260 Array Multiplier
260 : Array Multiplier
- Author: Rebecca Boadu & Sarah Herrera
- Description: 4x4 Structural Array Multiplier
- GitHub repository
- Clock: 0 Hz
How it works
Our 4x4 array multiplier multiplies two 4-bit binary numbers to produce an 8-bit product by breaking down the process into partial products. Each bit of one input is ANDed with each bit of the other input, creating a 4x4 grid of partial products. These partial products are organized into rows and shifted leftward, simulating the alignment process in traditional multiplication. Full adders within each “box” of the grid add these partial products, managing both the sum and the carry bits. Each carry moves to the next box, allowing us to systematically add all rows and carry values. Once all additions are complete, the result is an accurate 8-bit binary product of the two inputs. A block diagram is also included to illustrate the structure of partial products, adders, and carry management within the multiplier.
How to test
Testing the 4x4 array multiplier is handled with a Verilog testbench that instantiates the module, wiring inputs and outputs, along with a Python script for validation. The Python script applies specific input values, then checks output correctness using assertions to verify expected multiplication results.

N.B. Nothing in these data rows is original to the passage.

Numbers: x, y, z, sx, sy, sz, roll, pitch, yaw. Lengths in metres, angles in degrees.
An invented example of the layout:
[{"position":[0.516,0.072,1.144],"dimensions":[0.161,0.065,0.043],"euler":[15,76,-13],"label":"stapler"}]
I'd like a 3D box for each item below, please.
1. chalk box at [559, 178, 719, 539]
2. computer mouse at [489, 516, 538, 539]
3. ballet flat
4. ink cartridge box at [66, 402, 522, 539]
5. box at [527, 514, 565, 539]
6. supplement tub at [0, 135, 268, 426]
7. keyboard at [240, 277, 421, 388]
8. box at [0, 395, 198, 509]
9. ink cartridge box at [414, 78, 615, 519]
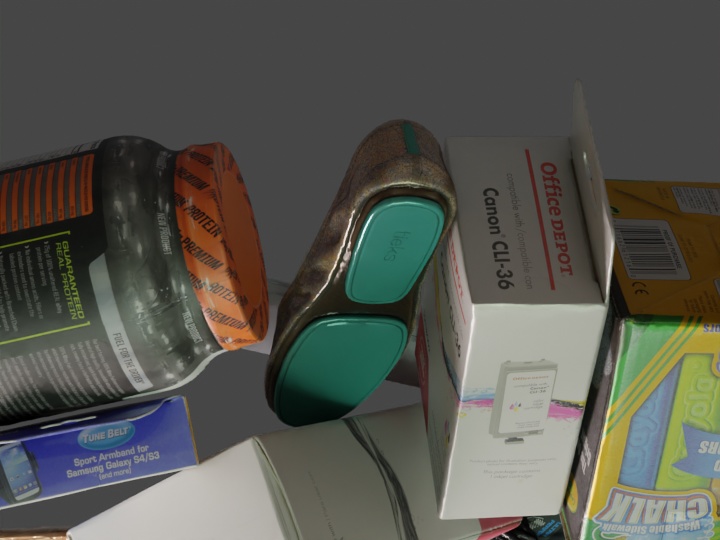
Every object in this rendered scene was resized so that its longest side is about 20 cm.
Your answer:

For each test, values are set for the inputs, clock cycles are awaited, and the output is asserted to match the expected product, making it easy to identify any errors.
External hardware
N/A
IO
| # | Input | Output | Bidirectional |
|---|---|---|---|
| 0 | q[0] | p[0] | |
| 1 | q[1] | p[1] | |
| 2 | q[2] | p[2] | |
| 3 | q[3] | p[3] | |
| 4 | m[0] | p[4] | |
| 5 | m[1] | p[5] | |
| 6 | m[2] | p[6] | |
| 7 | m[3] | p[7] |